In college, I was terrible at doing proper research. I mean truly awful, though I usually still managed to write decent papers. Probably in part because I really just wanted to do the writing, and not the researching. Or, since these are essays we’re talking about and not fiction, it’s possible I just wanted to get to the end and have done with it.
Fortunately, a fantastic teacher my senior year managed to explain what research actually is and how to do it in a way that clicked with me, and though I only had about a half a semester in which to actually make proper use of it, I now get it. Or I do enough to keep an interest in it, at least!

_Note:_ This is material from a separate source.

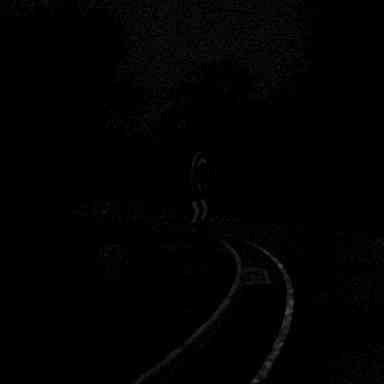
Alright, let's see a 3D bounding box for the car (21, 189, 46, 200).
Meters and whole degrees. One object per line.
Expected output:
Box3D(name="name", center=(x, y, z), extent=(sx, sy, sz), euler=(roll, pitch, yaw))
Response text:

For me, it’s tied into the idea of writing what you know. I’m going to have a much better chance of writing an epic and believable sword fight if I know the first thing about how sword fights usually go. And not just what it looks like in various blockbuster movies, no matter how much fun they are to watch. If I know what it’s supposed to look like, then I know what I can tweak for the sake of the “cool” factor without running the risk of accidentally taking out something structural.
It’s also a great way to immerse myself in the world I’m trying to create. Instead of feeling like research is something I have to get out of the world before I can get to the actual fun stuff, it’s a way for me to get into the same world I’m planning to write about at a deeper level that will make it easier to write once I actually get down to it. I may not be a skilled sword-fighter myself, but if I know how long it takes someone to become a master in our world, and what weaknesses they might have, and what the strengths of their particular style are, I’ll be able to add those details in (or at least make sure that I don’t accidentally contradict them), and that’s only going to add to my writing.
With an essay or a research paper, the trick was to make sure I worked on a paper I was interested in. Which sadly, for research papers, was sometimes a lot easier said than done, or else the topic was specific enough that it was tailored to what we’d already read in class. But the paper that helped me figure out how to research was one that I was curious about but didn’t feel like I already knew the answer to, and that motivated me to go looking for them.
Or in other words, to do research.
Kind of on a side note, but that’s also what got me to start reading non-fiction for fun as well. If a writer is writing truth about the world, about people, about reality, then the more we learn about that same world, about psychology, history, life, death– everything– the better we will be at writing. And that takes a certain humility. It’s hard to look for answers if you already think you have them all. But if you know there’s everything you don’t know, there’s nothing at all to stop you from looking and learning.